我緩緩搖動屁股,在嶽母身體上做著活塞運動,嶽母一臉酸苦相淚水從眼眶湧出,或許恥辱大過痛楚吧。緩慢進行了幾十下後,裏面越來越熱,水份也越來越多。隨著我抽插的加快,嶽母反而放鬆下來,不住在我耳邊低語,被發現怎幺辦?而我也同樣用只有我們倆人能聽清的耳語一遍又一遍安慰她,事情真到不可收拾的地步,那我娶她並帶她遠離我們熟悉的城市。

這些話雖然比較虛假,卻取到安慰嶽母的作用,我插得越來越用力,龜頭更加深入到她體內。嶽母終于在我耳邊輕聲呻吟,雙手又開始不由自主摟抱住我的脖子,雙腿再次擡起纏在我的腰際極力配合我的抽插。我一邊用力撞擊她的下體,一邊感歎,冪冪之中似乎一切都是天意……

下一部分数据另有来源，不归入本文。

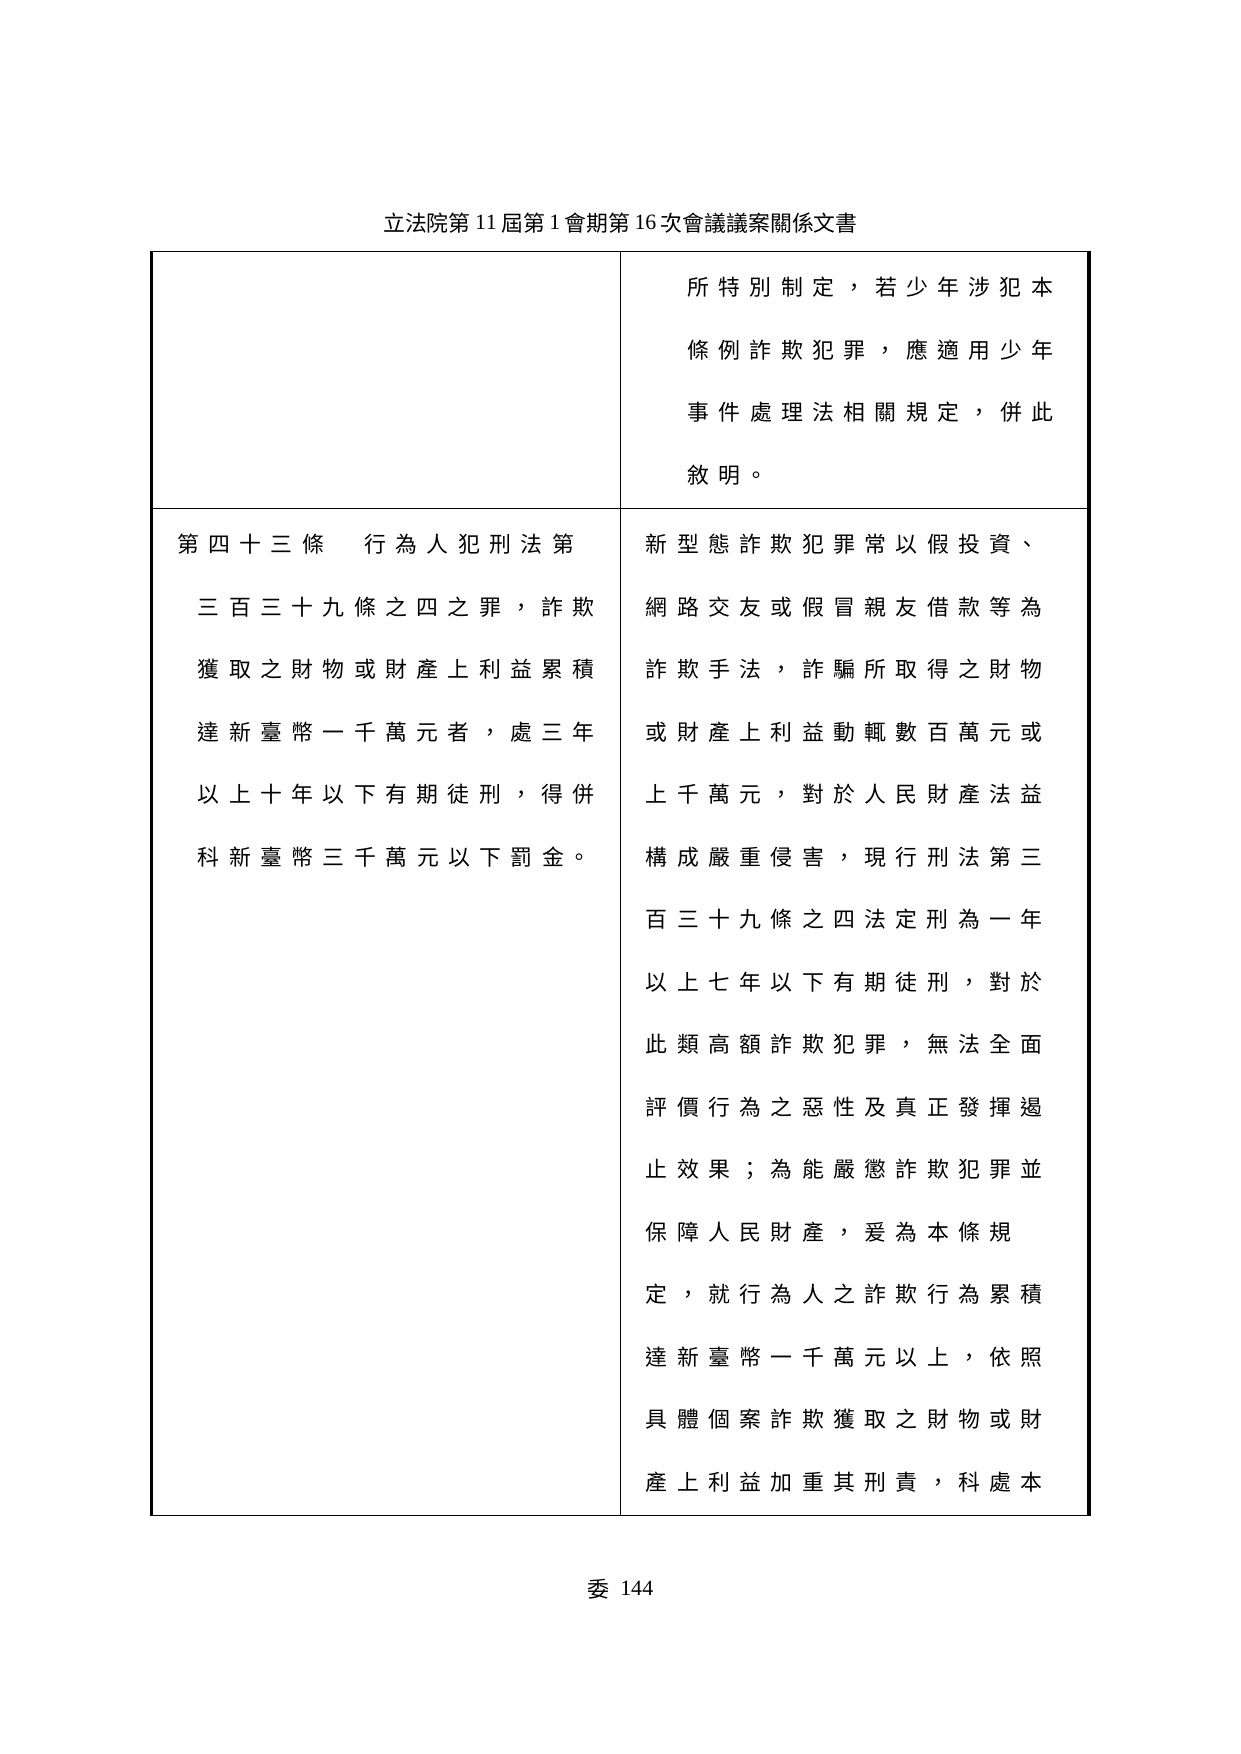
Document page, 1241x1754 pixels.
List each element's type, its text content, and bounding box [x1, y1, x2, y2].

前天晚上我們同處一室,當我將熟睡的嶽母雙手綁在床上,並堵住她的口腔時,同樣是把腫脹的陰莖強行刺入她的陰道。同樣是開始乾澀後來逐漸滋潤,嶽母的鼻音也是從啼哭轉爲呻吟,最後一刻射精時更是令我如癡如醉,她雖然搖頭抗拒,陰道壁卻緊緊夾著我的肉棒,子宮頸展開吸住龜頭,讓我射得暢快淋漓。

我邊親吻嶽母邊警惕的透過陽傘察看嶽父的動靜,在這種緊張氣氛中,反而耐力特別持久。事實上,前天晚上做愛剛開始幾分鍾就差點射了,嶽母的陰戶具有無窮的吸引力,雖然不如少女緊湊狹窄,卻很有韌性。細如我的手指,粗若我的肉棒,插進陰道總能被陰道壁的嫩肉包裹得嚴嚴實實,抽插過程中還能感受到那堆嫩肉在有節奏的蠕動,就像按摩一樣。

嶽母的呻吟越來越媚惑,貼在我耳邊的叫聲從耳膜直入心肺,激勵我更加賣力的在她身上奔馳。我一直不敢把身體弓起來,始終緊緊貼在她身上,嶽母的身體微微發福,小腹自然比不上少女般平坦,但薄薄脂肪覆蓋的小腹讓我趴著很舒服,有種嬰兒蜷在母親懷抱裏的感覺,每次肉棒插到底,小腹相撞的時候,都覺得特別實在。